Désolé, mais là, je reste peu disert.

- Que pensait-il de la parfumerie contemporaine et de son avenir?

Il avait une grande et cordiale curiosité pour tout ce qui arrivait dans cet univers. Mais il portait aussitôt une appréciation de professionnel, plutôt tendre car il aimait voir que des personnes se lancent. Il pensait sincèrement que cette parfumerie de créateur était promise à un bel avenir mais qu’elle aurait, elle aussi, à gérer les problèmes inhérents à son succès à savoir ne pas se voir happer par les problèmes de marketing. Sur ce point, il était assez déçu par nombre de nouveautés. 

Et cela engendrait parfois des discussions fortes entre nous.
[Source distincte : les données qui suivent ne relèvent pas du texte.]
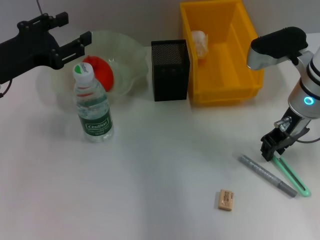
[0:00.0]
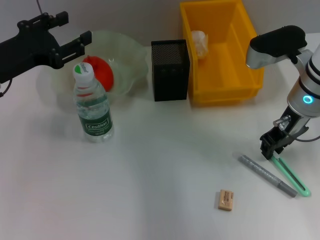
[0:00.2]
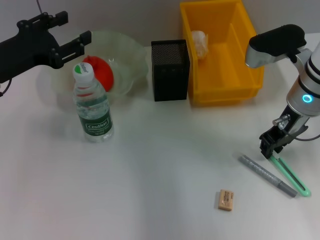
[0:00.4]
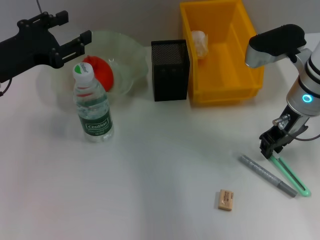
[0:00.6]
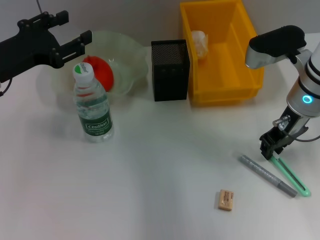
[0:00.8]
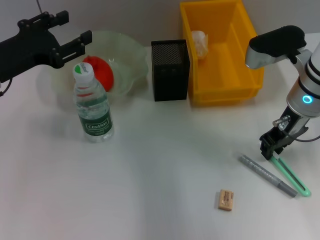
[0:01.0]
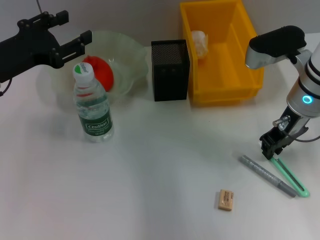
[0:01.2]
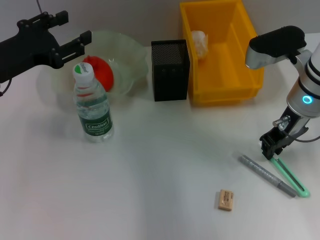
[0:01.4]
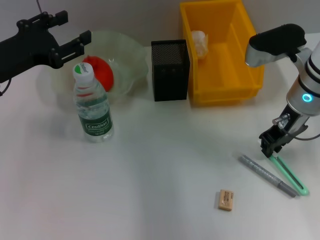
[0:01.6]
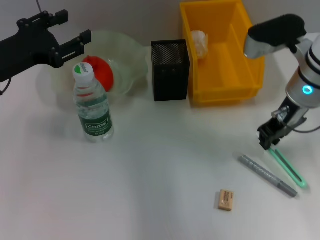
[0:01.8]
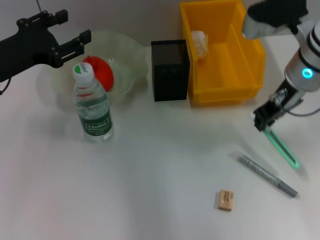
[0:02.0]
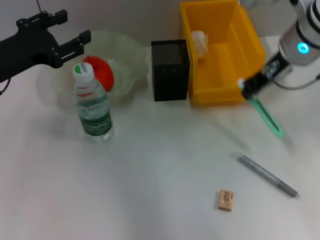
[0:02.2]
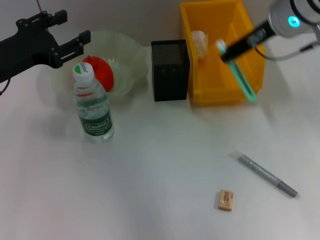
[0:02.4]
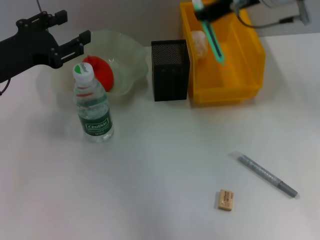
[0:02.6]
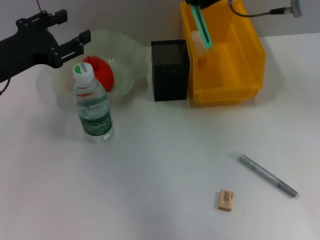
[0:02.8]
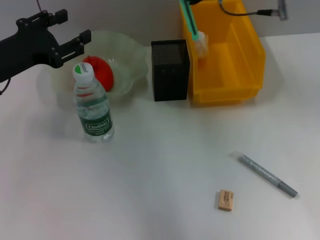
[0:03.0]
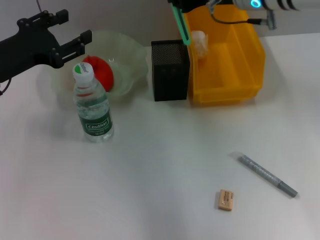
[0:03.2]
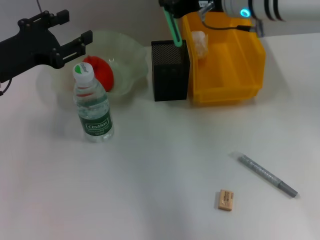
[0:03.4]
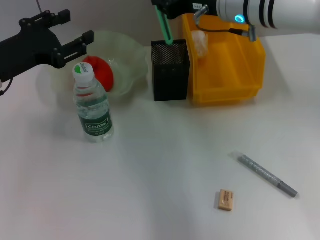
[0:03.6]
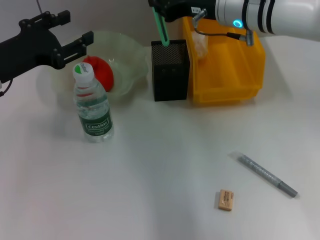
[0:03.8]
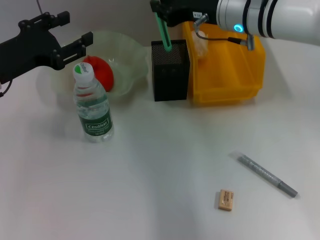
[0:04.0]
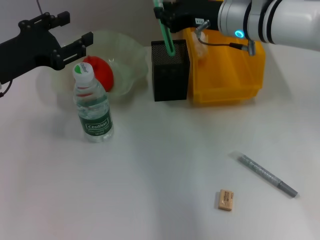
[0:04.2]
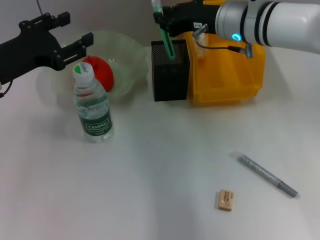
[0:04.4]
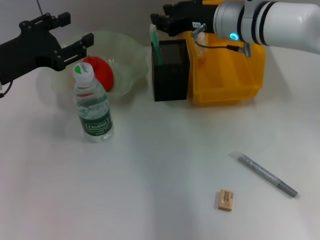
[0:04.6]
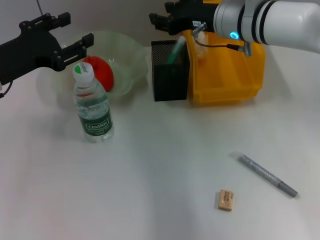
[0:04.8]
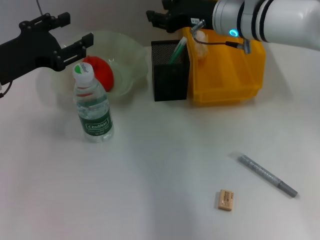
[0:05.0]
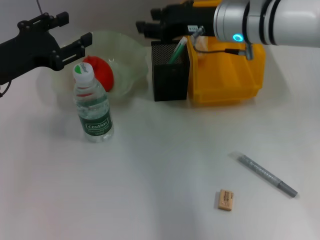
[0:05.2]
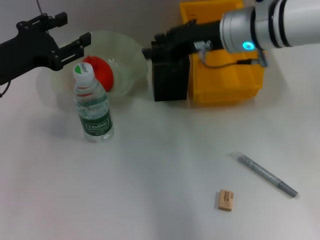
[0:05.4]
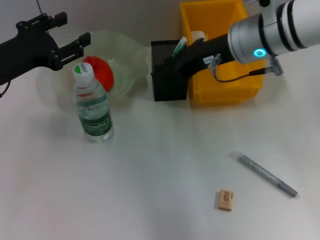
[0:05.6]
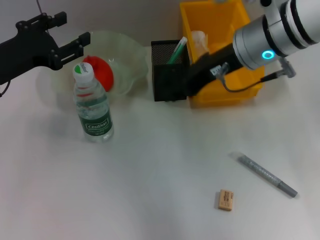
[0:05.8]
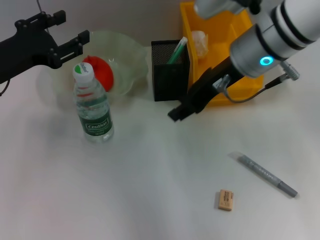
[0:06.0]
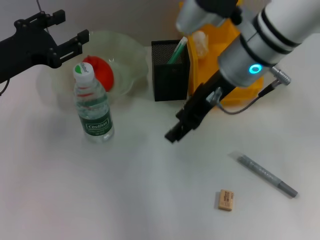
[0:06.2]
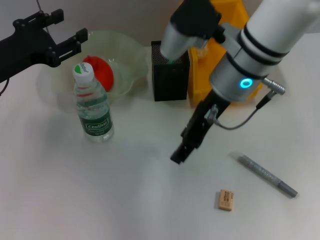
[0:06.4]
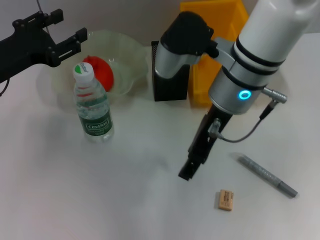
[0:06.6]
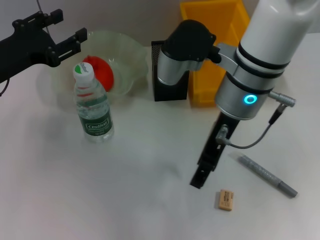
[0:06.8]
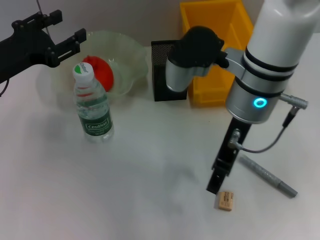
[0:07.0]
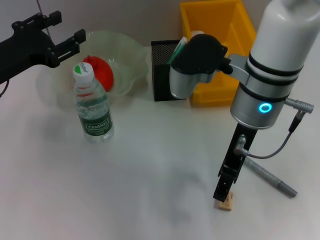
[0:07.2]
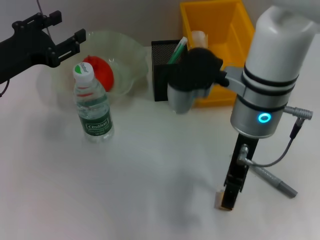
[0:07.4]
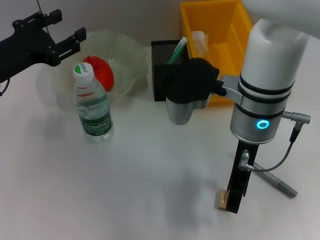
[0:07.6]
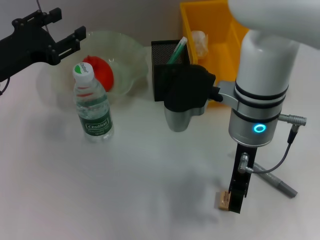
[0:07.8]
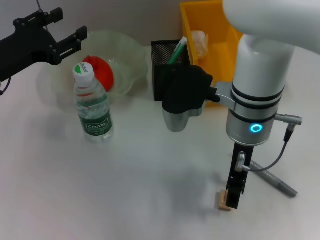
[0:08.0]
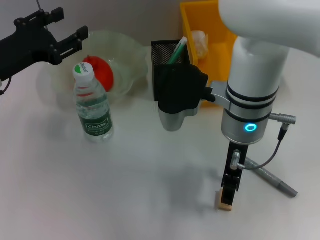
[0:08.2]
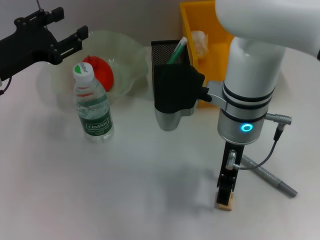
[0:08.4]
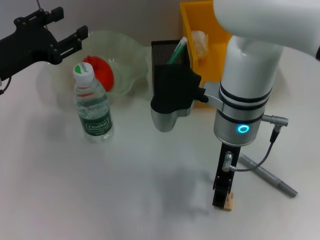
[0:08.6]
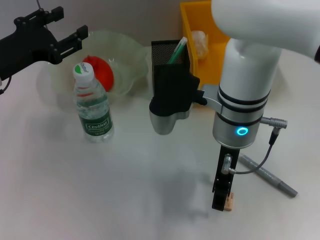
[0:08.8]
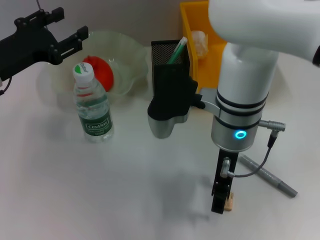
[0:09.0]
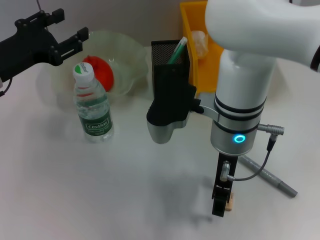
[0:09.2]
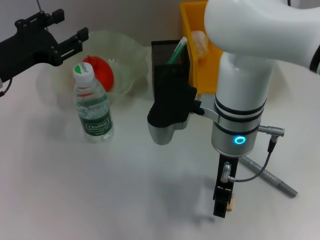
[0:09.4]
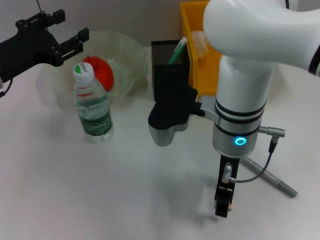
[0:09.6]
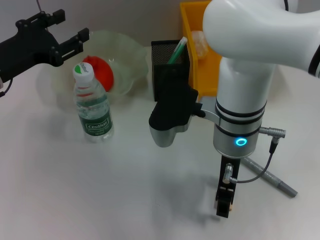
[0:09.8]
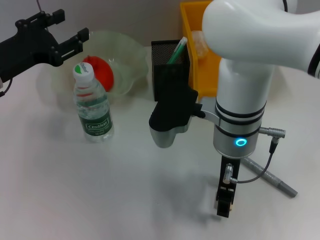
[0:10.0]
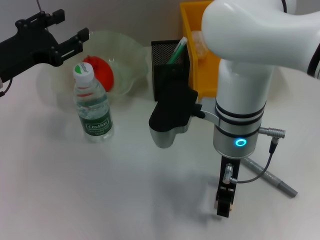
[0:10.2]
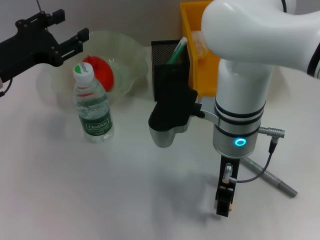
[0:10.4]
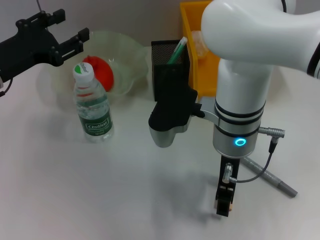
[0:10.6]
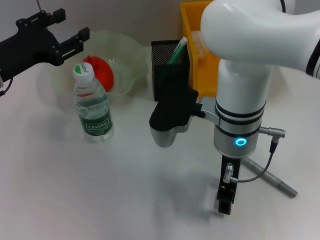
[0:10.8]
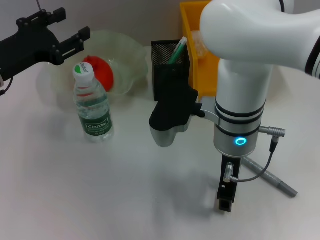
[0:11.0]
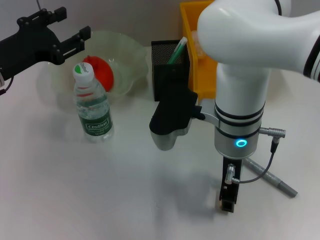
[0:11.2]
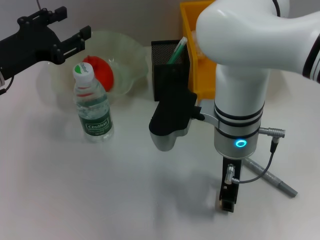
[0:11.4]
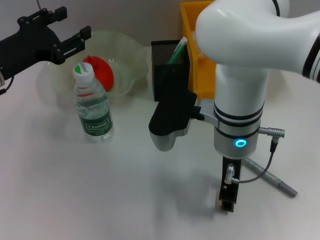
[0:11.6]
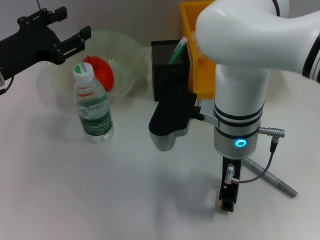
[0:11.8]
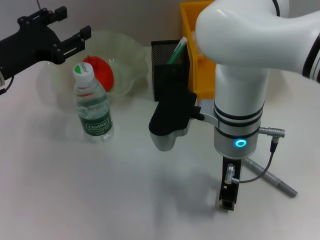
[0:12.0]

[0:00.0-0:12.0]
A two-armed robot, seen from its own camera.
Step, 0:01.6 to 0:05.4: Place the blue utility knife into the pen holder with the right hand.
Step, 0:05.6 to 0:11.6: Grab the eraser with the right hand.
0:00.0 to 0:01.6: Both grippers stay put.
0:01.6 to 0:03.0: The right gripper shifts some 10 cm upward and to the left.
0:03.0 to 0:04.4: The right gripper moves downward, roughly 10 cm.
0:04.4 to 0:06.0: The right gripper shifts approximately 5 cm backward, and opens its fingers.
0:06.0 to 0:07.6: The right gripper ends up approximately 5 cm from where it was.
0:09.0 to 0:10.4: Neither gripper changes place.
0:10.4 to 0:12.0: The right gripper closes.

Je vous donnerai 2 exemples :

- il ne voyait pas l’intérêt de participer à des salons internationaux – il réservait sa participation qu’aux salons ayant un lien très fort avec les jardins comme les Journées de Courson ou celles de société d’Horticulture de la rue de Grenelle. Pourtant, se faire connaître est un challenge important.

- il refusait de faire entrer MPG dans un grand magasin. Retard difficile à rattraper.

- Quel fut le rôle du Jardin du Parfumeur dans sa vie?

Essentiel : sa capacité à créer des parfums originaux et porteurs des valeurs de la parfumerie française tient vraiment à son goût et à sa très importante connaissance des plantes.

C’est ce que j’ai d’abord appris à ses côtés : bien connaître les différentes ressources que donne la nature pour pouvoir faire naître des senteurs uniques.

Je résumerai en disant qu’il avait réussi en lui une synthèse élevée entre le chimiste de formation et le jardinier avisé ; il était vraiment les 2 à la fois pour le plus grand plaisir et honneur de la parfumerie française. Et c’est le chimiste qui était au service du jardinier-parfumeur. Par le contraire, surtout pas.

JF Laporte était un puits de connaissances qu’il aimait partager avec son entourage, son auditoire. Tout le monde aimait l’écouter, l’entendre, apprendre de lui.